David French, a Harvard educated attorney and is an editor for National Review. He lives in Middle Tennessee with his wife, best-selling author Nancy French and their children and pets.
David French, a Harvard educated attorney and is an editor for National Review. He lives in Middle Tennessee with his wife, best-selling author Nancy French and their children and pets.
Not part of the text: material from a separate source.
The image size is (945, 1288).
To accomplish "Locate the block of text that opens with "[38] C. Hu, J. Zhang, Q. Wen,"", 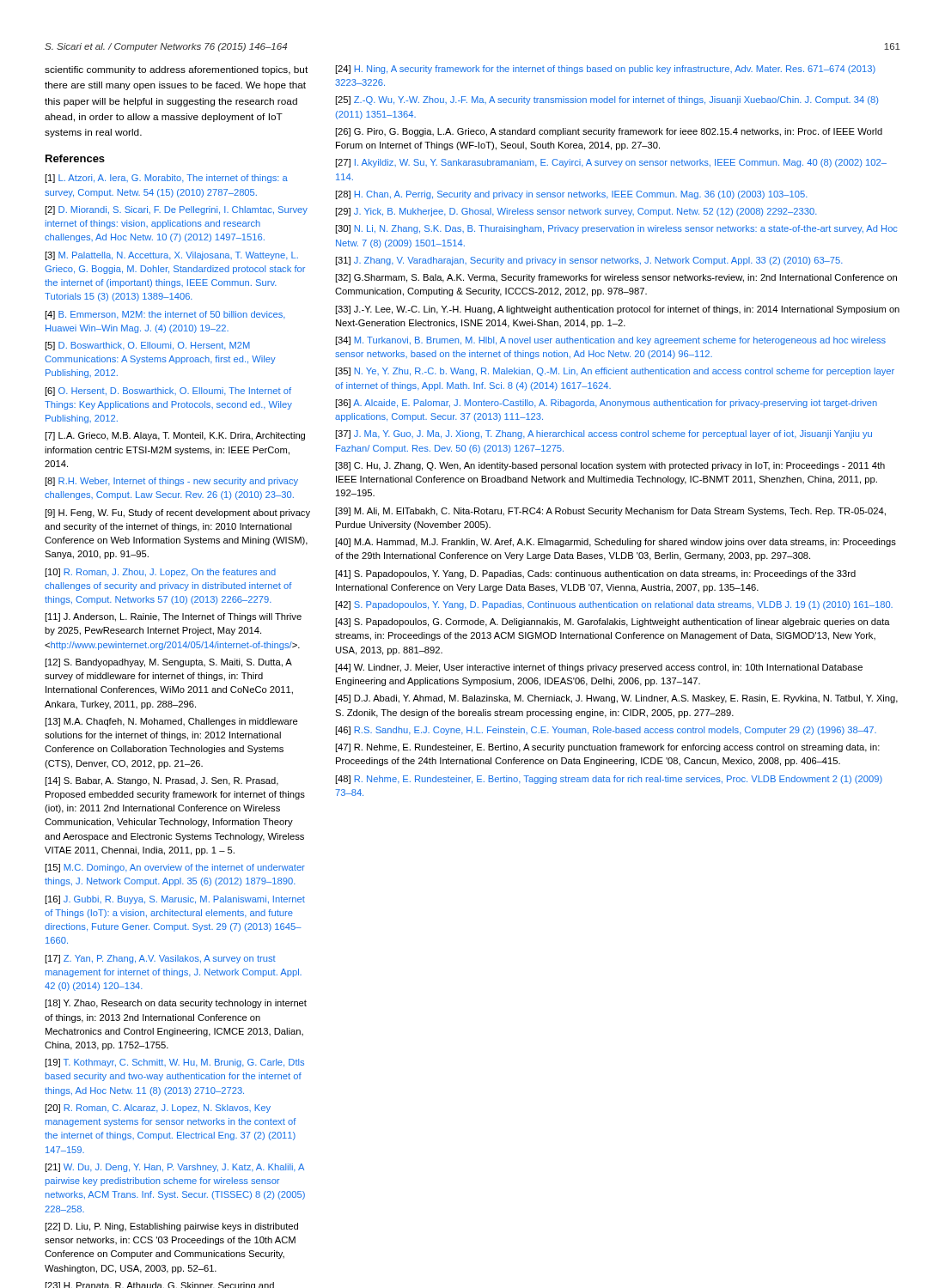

Over the weekend, noted Harvard Law professor and criminal defense attorney Alan Dershowitz made headlines attacking Baltimore prosecutor Marilyn Mosby for allegedly overcharging the Baltimore police officers blamed for Freddie Gray's death and for placing "politics and crowd control" over the interests of justice. Here's the core of Dershowitz's argument:

"I understand why the mayor and state attorney want to prevent riots . . . but that's not the job of the justice system . . . You cannot allow police officers or any other defendants to become scapegoats for crowds demanding a continuation of rioting . . There's no plausible, hypothetical, conceivable case for murder under the facts that we now know them. You might say that conceivably there's a case for manslaughter. Nobody wanted this guy to die, nobody set out to kill him, and nobody intentionally murdered him."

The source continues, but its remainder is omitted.